- [WORK REQUIRED]
The expected answer is the set of lines in the data below between the line holding "24) person [514, 496, 601, 785]" and the line holding "30) person [868, 417, 937, 661]", inclusive, written out exactly.

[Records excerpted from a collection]
┄┄┄┄┄┄

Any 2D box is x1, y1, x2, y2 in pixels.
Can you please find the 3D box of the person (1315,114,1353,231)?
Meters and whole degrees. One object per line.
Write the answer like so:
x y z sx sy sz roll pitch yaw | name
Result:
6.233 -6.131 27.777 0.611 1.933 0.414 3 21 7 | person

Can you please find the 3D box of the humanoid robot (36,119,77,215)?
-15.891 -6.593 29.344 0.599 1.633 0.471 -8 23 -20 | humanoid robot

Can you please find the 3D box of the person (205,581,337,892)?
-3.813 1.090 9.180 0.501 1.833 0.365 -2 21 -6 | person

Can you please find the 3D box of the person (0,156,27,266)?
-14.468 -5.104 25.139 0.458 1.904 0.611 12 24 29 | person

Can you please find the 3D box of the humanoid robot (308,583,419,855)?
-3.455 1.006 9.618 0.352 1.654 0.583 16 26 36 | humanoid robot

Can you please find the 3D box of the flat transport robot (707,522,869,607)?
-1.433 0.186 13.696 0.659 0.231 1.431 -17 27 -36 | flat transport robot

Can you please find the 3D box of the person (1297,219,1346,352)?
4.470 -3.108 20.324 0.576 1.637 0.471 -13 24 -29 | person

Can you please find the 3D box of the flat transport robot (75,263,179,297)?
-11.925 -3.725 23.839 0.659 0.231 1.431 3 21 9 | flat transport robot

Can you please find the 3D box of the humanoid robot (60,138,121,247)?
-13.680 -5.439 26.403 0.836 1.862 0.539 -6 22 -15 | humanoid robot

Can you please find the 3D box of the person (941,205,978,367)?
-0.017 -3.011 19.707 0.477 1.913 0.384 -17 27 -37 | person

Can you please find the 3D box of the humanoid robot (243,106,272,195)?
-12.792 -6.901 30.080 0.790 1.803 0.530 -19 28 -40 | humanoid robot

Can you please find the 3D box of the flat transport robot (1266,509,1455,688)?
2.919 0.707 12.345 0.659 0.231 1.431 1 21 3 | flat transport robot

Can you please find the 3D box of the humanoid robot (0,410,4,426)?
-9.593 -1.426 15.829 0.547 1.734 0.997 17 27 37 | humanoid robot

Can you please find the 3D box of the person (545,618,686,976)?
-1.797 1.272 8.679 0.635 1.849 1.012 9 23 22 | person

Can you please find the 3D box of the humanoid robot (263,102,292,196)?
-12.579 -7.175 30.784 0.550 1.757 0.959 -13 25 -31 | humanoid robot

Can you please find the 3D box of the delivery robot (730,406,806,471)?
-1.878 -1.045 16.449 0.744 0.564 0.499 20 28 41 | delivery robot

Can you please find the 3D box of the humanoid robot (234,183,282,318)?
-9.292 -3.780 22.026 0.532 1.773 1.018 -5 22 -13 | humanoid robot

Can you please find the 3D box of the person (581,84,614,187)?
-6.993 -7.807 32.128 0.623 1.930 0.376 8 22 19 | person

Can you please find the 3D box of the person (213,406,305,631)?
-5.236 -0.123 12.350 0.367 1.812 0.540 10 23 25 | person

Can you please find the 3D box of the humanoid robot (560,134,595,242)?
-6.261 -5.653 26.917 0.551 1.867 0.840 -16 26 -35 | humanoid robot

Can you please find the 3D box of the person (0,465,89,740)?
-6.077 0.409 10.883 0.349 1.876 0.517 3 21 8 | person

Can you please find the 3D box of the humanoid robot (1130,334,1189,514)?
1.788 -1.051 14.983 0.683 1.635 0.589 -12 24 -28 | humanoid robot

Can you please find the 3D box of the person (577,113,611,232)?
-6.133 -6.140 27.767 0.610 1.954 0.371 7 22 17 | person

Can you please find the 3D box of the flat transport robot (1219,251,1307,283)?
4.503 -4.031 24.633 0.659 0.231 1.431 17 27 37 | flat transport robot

┄┄┄┄┄┄

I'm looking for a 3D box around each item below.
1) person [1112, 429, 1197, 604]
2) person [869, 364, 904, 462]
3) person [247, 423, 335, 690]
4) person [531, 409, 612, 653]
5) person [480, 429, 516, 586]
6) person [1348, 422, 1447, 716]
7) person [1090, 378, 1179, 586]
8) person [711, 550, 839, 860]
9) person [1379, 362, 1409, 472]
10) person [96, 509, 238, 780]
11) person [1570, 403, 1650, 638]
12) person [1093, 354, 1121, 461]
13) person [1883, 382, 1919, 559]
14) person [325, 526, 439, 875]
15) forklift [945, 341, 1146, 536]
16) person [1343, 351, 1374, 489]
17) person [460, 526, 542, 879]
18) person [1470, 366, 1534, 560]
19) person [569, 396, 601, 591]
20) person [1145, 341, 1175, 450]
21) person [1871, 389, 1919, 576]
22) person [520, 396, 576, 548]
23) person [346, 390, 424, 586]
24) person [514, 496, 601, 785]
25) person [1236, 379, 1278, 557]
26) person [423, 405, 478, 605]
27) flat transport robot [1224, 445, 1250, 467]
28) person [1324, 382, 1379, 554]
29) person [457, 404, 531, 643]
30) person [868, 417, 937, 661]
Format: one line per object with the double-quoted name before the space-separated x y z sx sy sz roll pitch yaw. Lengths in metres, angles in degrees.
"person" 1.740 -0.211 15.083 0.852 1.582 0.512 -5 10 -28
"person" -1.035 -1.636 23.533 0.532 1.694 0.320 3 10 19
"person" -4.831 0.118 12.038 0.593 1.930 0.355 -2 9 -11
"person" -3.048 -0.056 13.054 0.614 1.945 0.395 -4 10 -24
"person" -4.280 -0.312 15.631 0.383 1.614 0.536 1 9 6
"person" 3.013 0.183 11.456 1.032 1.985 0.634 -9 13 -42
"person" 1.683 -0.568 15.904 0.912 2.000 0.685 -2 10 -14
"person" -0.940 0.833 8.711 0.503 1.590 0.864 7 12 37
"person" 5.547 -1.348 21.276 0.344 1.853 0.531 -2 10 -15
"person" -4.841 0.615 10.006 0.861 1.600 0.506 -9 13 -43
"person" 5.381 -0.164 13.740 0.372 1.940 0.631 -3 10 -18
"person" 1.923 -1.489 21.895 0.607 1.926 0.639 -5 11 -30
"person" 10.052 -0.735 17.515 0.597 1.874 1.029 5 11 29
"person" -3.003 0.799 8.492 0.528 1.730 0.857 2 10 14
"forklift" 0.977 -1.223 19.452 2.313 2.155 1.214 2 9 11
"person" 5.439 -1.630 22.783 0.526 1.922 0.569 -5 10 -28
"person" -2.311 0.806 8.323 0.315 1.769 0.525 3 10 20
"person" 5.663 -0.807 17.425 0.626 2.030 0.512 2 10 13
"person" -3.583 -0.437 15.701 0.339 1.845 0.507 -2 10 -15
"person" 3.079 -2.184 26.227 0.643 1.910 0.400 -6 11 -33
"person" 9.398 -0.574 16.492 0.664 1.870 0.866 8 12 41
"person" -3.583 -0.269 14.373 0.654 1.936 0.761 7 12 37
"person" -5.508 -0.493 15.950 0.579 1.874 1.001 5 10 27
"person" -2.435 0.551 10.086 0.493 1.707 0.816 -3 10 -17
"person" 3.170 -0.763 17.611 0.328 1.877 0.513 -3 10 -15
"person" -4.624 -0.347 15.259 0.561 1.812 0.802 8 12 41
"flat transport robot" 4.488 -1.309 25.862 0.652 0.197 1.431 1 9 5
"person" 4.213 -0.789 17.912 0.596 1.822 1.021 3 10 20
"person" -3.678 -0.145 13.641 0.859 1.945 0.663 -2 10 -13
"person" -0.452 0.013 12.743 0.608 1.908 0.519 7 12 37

┄┄┄┄┄┄

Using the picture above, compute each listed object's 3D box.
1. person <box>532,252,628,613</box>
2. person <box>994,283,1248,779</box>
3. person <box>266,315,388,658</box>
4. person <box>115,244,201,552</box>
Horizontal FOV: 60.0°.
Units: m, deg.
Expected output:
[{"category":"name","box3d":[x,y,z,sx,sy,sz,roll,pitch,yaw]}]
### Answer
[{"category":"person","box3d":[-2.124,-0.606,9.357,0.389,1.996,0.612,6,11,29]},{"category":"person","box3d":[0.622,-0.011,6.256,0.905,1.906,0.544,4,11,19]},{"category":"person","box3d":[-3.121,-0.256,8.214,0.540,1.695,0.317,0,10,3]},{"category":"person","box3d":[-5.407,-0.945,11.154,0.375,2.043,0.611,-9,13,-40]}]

┄┄┄┄┄┄

- [ANSWER SPACE]
24) person [514, 496, 601, 785]
25) person [1236, 379, 1278, 557]
26) person [423, 405, 478, 605]
27) flat transport robot [1224, 445, 1250, 467]
28) person [1324, 382, 1379, 554]
29) person [457, 404, 531, 643]
30) person [868, 417, 937, 661]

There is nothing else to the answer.